Objective: To present the rationale, design, and methodology of the Fibroid Interventions: Reducing Symptoms Today and Tomorrow (FIRSTT) study. Design: Randomized clinical trial. Setting: Two academic medical centers. Patient(s): Premenopausal women with symptomatic uterine fibroids. Intervention(s): Participants are randomized to two U.S. Food and Drug Administration-approved minimally invasive treatments for uterine leiomyomas: uterine artery embolization and magnetic resonance-guided focused ultrasound. Main Outcome Measure(s): The primary endpoint is defined as the need for an additional intervention for fibroid symptoms following treatment.
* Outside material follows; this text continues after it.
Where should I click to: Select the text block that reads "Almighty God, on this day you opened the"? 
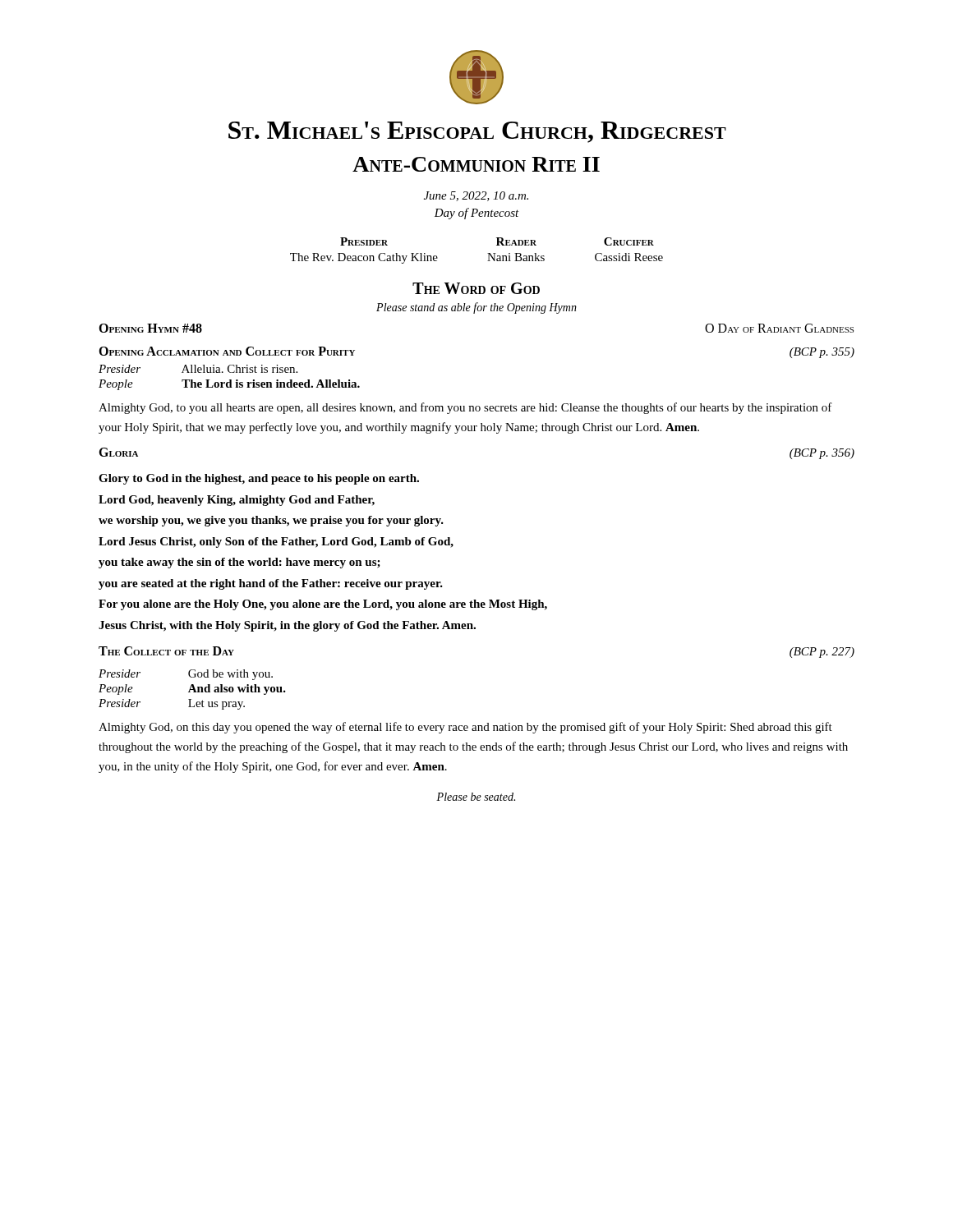tap(473, 747)

Secondary outcomes consist of group differences in symptom alleviation, recovery trajectory, health-related quality of life, impairment of ovarian reserve, treatment complications, and the economic impact of these issues. Result(s): The trial is currently in the phase of active recruitment. Conclusion(s): This randomized clinical trial will provide important evidence-based information for patients and health care providers regarding optimal minimally invasive treatment approach for women with symptomatic uterine leiomyomas. Clinical Trial Registration: NCT00995878.